In [1]:
from pyspark.sql import SparkSession
from pyspark import SparkConf, SparkContext
import datetime
from pyspark.ml import Pipeline

spark = SparkSession.builder.master('local[1]').appName('learn_ml').getOrCreate()



In [2]:
import matplotlib.pyplot as plt
import numpy as np
# 载入数据
df0 = spark.read.csv('BIA 678 dataset.csv', header=True, inferSchema=True, encoding='utf-8')
# 查看是否有缺失值
# df0.toPandas().isna().sum()
# df0.toPandas().isna().values.any()
# False 没有缺失值

starttime = datetime.datetime.now()

# 先使用StringIndexer将字符转化为数值，然后将特征整合到一起
from pyspark.ml.feature import StringIndexer, VectorAssembler
old_columns_names = df0.columns
new_columns_names = [name+'-new' for name in old_columns_names]
for i in range(len(old_columns_names)):
    indexer = StringIndexer(inputCol=old_columns_names[i], outputCol=new_columns_names[i])
    df0 = indexer.fit(df0).transform(df0)
vecAss = VectorAssembler(inputCols=new_columns_names[3:11], outputCol='features')
df0 = vecAss.transform(df0)
# 更换label列名
df0 = df0.withColumnRenamed(new_columns_names[-1], 'label')

# 创建新的只有label和features的表
dfi = df0.select(['label', 'features'])

# 数据概观
# dfi.show(5, truncate=0)

train_data, test_data = dfi.randomSplit([0.9, 0.1], seed=2019)

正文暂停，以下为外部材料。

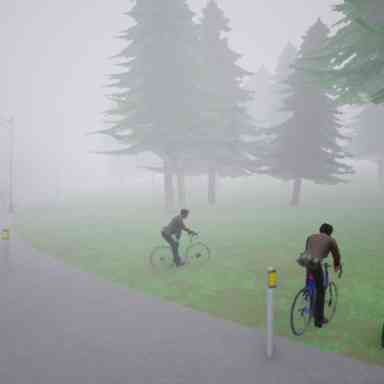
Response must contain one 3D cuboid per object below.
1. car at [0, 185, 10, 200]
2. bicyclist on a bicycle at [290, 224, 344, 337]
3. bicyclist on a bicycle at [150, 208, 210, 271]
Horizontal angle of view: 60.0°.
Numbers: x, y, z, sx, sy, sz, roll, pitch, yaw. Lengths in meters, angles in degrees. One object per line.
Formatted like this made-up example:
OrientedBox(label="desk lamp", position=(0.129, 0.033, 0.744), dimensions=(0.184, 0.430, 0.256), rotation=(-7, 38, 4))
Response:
OrientedBox(label="car", position=(-22.568, -0.025, 38.702), dimensions=(2.097, 1.767, 4.553), rotation=(1, 3, -13))
OrientedBox(label="bicyclist on a bicycle", position=(1.960, 1.319, 5.146), dimensions=(0.582, 1.620, 1.656), rotation=(3, -3, 44))
OrientedBox(label="bicyclist on a bicycle", position=(-0.323, 1.272, 8.820), dimensions=(1.656, 1.620, 0.582), rotation=(-3, 3, -15))

from pyspark.ml.classification import LogisticRegression

from pyspark.ml.classification import NaiveBayes
lr = LogisticRegression()
lrModel = lr.fit(train_data)
result = lrModel.transform(test_data)

#accuracy
a = result.filter(result.label == result.prediction).count()/result.count()
print('\nLogistic Regression: ', a)

from pyspark.ml.classification import DecisionTreeClassifier
dt = DecisionTreeClassifier(maxDepth=5, maxBins=35)
dtModel = dt.fit(train_data)
result = dtModel.transform(test_data)

# accuracy
b = result.filter(result.label == result.prediction).count()/result.count()
print('\nDecisionTree: ', b)

from pyspark.ml.classification import RandomForestClassifier
rf = RandomForestClassifier(numTrees=10, maxDepth=5, maxBins=35)
rfModel = rf.fit(train_data)
result = rfModel.transform(test_data)

# accuracy
c = result.filter(result.label == result.prediction).count()/result.count()
print('\nRandomForest: ', c)

from pyspark.ml.classification import GBTClassifier
gbt = GBTClassifier(maxDepth=5, maxBins=35)
gbtModel = gbt.fit(train_data)
result = gbtModel.transform(test_data)

# accuracy
d = result.filter(result.label == result.prediction).count()/result.count()
print('\nGBT: ', d)

endtime = datetime.datetime.now()
print('\n', endtime - starttime)



Logistic Regression:  0.6104355056646918

DecisionTree:  0.6567404635692755

RandomForest:  0.6458788067768423

GBT:  0.6746180230745245

 0:01:14.525367